Xun Lin,Shuai Wang,Rizhao Cai,Yizhong Liu,Ying Fu,Zitong Yu,Wenzhong Tang,Alex Kot
2024-03-05
Abstract:Face Anti-Spoofing (FAS) is crucial for securing face recognition systems against presentation attacks. With advancements in sensor manufacture and multi-modal learning techniques, many multi-modal FAS approaches have emerged. However, they face challenges in generalizing to unseen attacks and deployment conditions. These challenges arise from (1) modality unreliability, where some modality sensors like depth and infrared undergo significant domain shifts in varying environments, leading to the spread of unreliable information during cross-modal feature fusion, and (2) modality imbalance, where training overly relies on a dominant modality hinders the convergence of others, reducing effectiveness against attack types that are indistinguishable sorely using the dominant modality. To address modality unreliability, we propose the Uncertainty-Guided Cross-Adapter (U-Adapter) to recognize unreliably detected regions within each modality and suppress the impact of unreliable regions on other modalities. For modality imbalance, we propose a Rebalanced Modality Gradient Modulation (ReGrad) strategy to rebalance the convergence speed of all modalities by adaptively adjusting their gradients. Besides, we provide the first large-scale benchmark for evaluating multi-modal FAS performance under domain generalization scenarios. Extensive experiments demonstrate that our method outperforms state-of-the-art methods. Source code and protocols will be released on
Computer Vision and Pattern Recognition
What problem does this paper attempt to address?

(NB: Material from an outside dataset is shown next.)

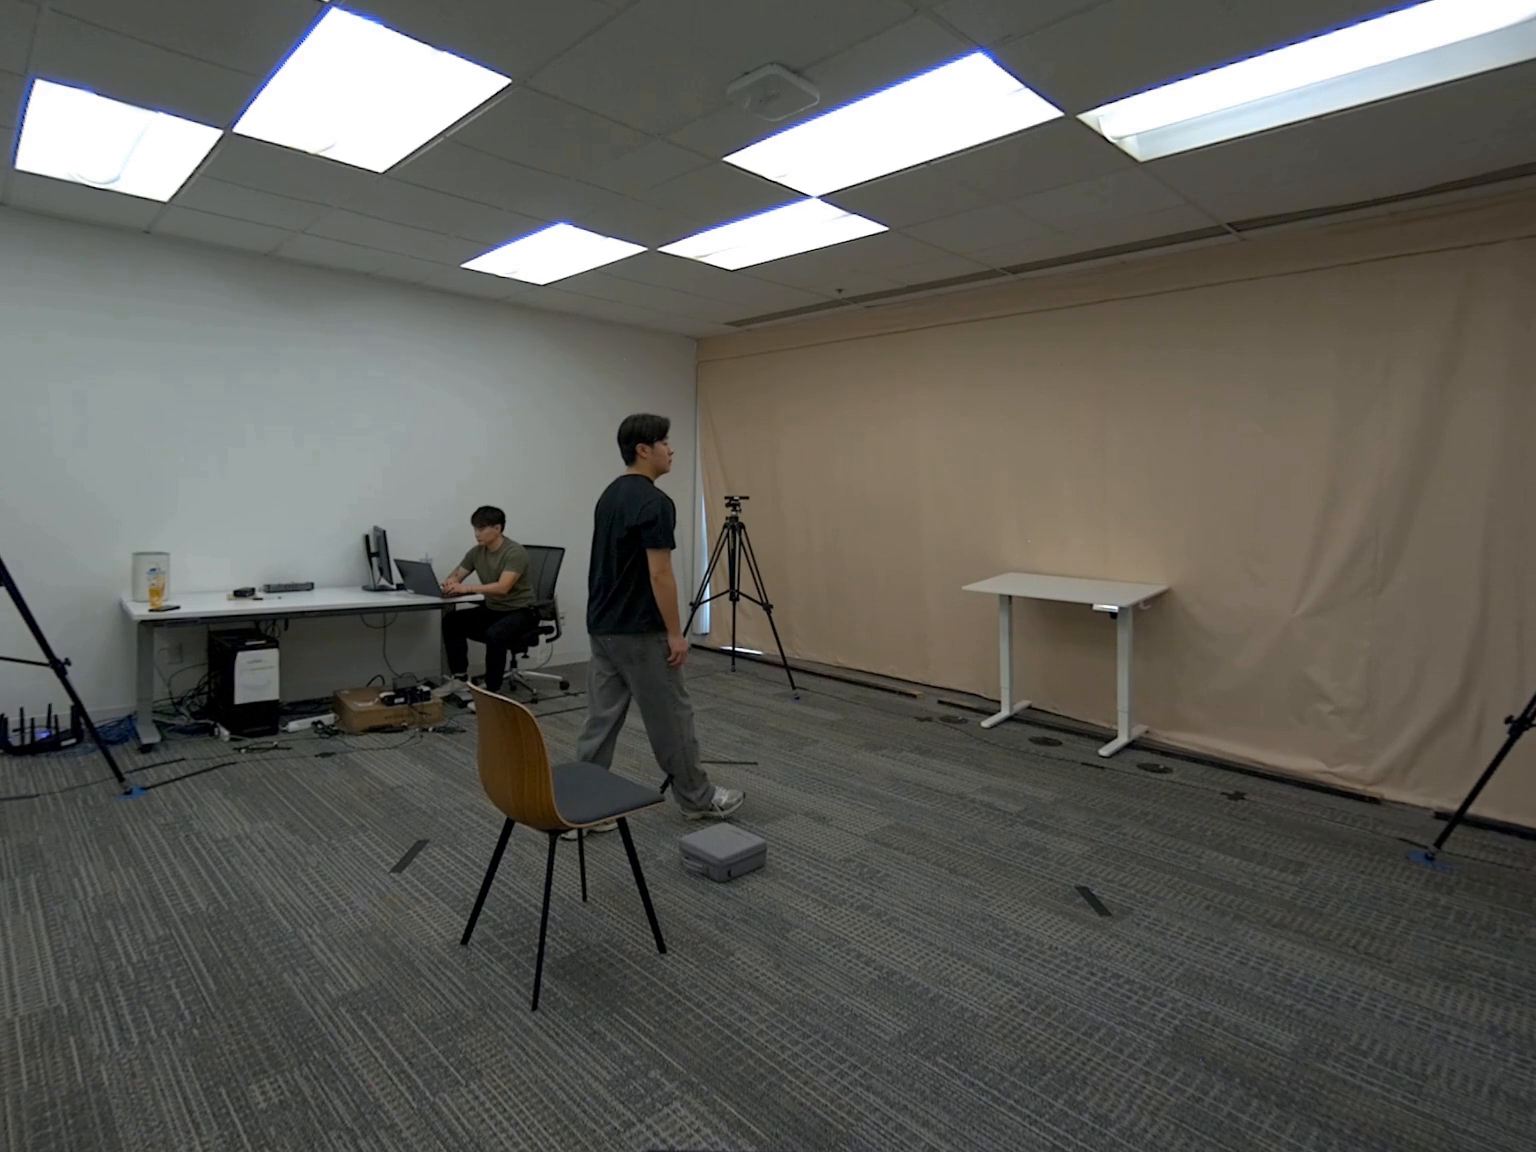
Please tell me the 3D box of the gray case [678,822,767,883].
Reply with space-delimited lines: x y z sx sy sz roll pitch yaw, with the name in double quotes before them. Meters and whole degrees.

This paper focuses on the problem of multi-modal face anti-spoofing (FAS), which is an important technique to ensure the security of face recognition systems. Current multi-modal approaches perform poorly in dealing with unseen attacks and deployment environments, and there are two main challenges: modality unreliability and modality imbalance. 1. Modality Unreliability: In different environments, such as depth and infrared sensors, significant domain shifts may occur, resulting in unreliable extracted features that affect cross-modal fusion. 2. Modality Imbalance: Training overly relies on the dominant modality, hindering the convergence of other modalities and reducing resistance to attack types that are difficult to differentiate using only the dominant modality. To address these problems, the paper proposes a framework called Multi-Modal Domain Generalized (MMDG), which includes two key components: 1. Uncertainty-guided Cross-Adapter (U-Adapter): Utilizes the uncertainty of each modality to identify and suppress the influence of unreliable regions, preventing the propagation of unreliable information across modalities. 2. Rebalancing Modality Gradient (ReGrad) Strategy: Dynamically adjusts the gradients of all modalities to balance their convergence speed, ensuring that all modalities are fully utilized to resist various unseen attacks in the target domain. Furthermore, the paper creates the first large-scale benchmark to evaluate the performance of multi-modal FAS in domain-generalization scenarios. The experiments demonstrate that the proposed method outperforms the existing state-of-the-art approaches, and the code and protocol will be released on GitHub.